### Listed entries:
-.-.-

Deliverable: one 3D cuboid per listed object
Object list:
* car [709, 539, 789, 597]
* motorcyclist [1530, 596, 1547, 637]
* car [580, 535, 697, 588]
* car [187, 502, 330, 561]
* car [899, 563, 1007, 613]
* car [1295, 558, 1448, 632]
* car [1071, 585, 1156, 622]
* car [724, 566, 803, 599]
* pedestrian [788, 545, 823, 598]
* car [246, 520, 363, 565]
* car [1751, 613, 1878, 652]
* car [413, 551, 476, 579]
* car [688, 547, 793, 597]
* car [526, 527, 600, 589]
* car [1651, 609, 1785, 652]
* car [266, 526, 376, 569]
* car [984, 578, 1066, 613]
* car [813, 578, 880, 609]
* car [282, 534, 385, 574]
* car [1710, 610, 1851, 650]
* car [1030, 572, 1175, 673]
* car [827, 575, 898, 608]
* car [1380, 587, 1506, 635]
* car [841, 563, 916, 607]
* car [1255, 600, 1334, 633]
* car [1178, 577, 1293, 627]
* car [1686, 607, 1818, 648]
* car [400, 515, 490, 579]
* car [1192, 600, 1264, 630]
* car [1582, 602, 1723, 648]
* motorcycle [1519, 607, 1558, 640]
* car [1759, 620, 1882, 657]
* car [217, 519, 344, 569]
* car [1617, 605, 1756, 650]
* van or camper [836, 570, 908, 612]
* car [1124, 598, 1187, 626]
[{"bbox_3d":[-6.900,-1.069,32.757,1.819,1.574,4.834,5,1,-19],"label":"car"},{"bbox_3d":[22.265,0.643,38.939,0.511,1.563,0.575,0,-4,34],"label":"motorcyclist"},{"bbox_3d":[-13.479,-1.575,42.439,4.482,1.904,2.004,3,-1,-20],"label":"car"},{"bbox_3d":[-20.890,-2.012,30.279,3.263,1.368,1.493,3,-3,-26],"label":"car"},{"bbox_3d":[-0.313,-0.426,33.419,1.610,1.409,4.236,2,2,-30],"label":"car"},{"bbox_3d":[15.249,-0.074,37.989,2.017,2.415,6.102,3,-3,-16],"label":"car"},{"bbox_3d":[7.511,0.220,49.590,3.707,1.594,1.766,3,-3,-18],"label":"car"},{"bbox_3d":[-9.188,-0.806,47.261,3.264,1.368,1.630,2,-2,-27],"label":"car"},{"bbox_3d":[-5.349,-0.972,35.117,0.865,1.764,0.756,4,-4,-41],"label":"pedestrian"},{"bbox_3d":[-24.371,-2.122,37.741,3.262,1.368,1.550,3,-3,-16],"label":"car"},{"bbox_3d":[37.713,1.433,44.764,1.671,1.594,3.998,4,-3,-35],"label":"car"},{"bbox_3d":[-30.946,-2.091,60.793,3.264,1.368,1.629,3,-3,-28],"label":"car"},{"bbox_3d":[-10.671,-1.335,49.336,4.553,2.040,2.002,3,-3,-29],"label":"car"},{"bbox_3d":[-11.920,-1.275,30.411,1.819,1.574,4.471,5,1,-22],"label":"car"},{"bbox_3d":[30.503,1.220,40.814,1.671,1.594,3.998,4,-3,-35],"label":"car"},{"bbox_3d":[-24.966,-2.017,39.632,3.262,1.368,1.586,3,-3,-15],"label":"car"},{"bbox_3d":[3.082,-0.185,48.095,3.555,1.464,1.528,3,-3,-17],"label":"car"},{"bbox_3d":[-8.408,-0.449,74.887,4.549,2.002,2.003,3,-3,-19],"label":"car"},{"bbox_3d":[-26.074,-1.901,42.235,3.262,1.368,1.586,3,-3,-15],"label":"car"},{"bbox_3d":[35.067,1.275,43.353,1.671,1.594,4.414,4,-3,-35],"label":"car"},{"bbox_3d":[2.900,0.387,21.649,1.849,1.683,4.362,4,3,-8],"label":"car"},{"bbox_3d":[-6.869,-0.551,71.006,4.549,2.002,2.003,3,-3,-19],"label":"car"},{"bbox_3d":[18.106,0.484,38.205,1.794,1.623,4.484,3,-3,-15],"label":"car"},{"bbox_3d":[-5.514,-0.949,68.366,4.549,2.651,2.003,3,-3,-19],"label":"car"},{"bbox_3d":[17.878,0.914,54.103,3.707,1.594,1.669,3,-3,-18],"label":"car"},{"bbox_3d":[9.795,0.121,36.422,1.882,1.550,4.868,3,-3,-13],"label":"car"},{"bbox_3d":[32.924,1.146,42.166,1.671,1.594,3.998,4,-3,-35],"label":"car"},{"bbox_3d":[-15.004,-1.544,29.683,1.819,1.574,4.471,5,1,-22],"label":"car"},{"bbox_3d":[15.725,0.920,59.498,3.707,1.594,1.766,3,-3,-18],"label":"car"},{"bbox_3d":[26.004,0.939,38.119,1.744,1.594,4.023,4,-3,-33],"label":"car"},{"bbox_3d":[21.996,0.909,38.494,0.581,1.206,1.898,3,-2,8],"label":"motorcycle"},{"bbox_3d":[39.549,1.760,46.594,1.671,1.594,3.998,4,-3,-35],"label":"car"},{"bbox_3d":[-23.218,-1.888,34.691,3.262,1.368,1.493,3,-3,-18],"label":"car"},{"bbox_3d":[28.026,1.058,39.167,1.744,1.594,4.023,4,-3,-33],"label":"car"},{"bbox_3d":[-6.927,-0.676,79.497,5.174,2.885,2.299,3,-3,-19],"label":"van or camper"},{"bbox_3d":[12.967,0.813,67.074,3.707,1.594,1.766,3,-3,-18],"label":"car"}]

-.-.-

### Action item:
From the line holding "602, 1723, 648]" to the line holding "570, 908, 612]", inclusive, restate each line above exactly as written.

### Written answer:
* car [1582, 602, 1723, 648]
* motorcycle [1519, 607, 1558, 640]
* car [1759, 620, 1882, 657]
* car [217, 519, 344, 569]
* car [1617, 605, 1756, 650]
* van or camper [836, 570, 908, 612]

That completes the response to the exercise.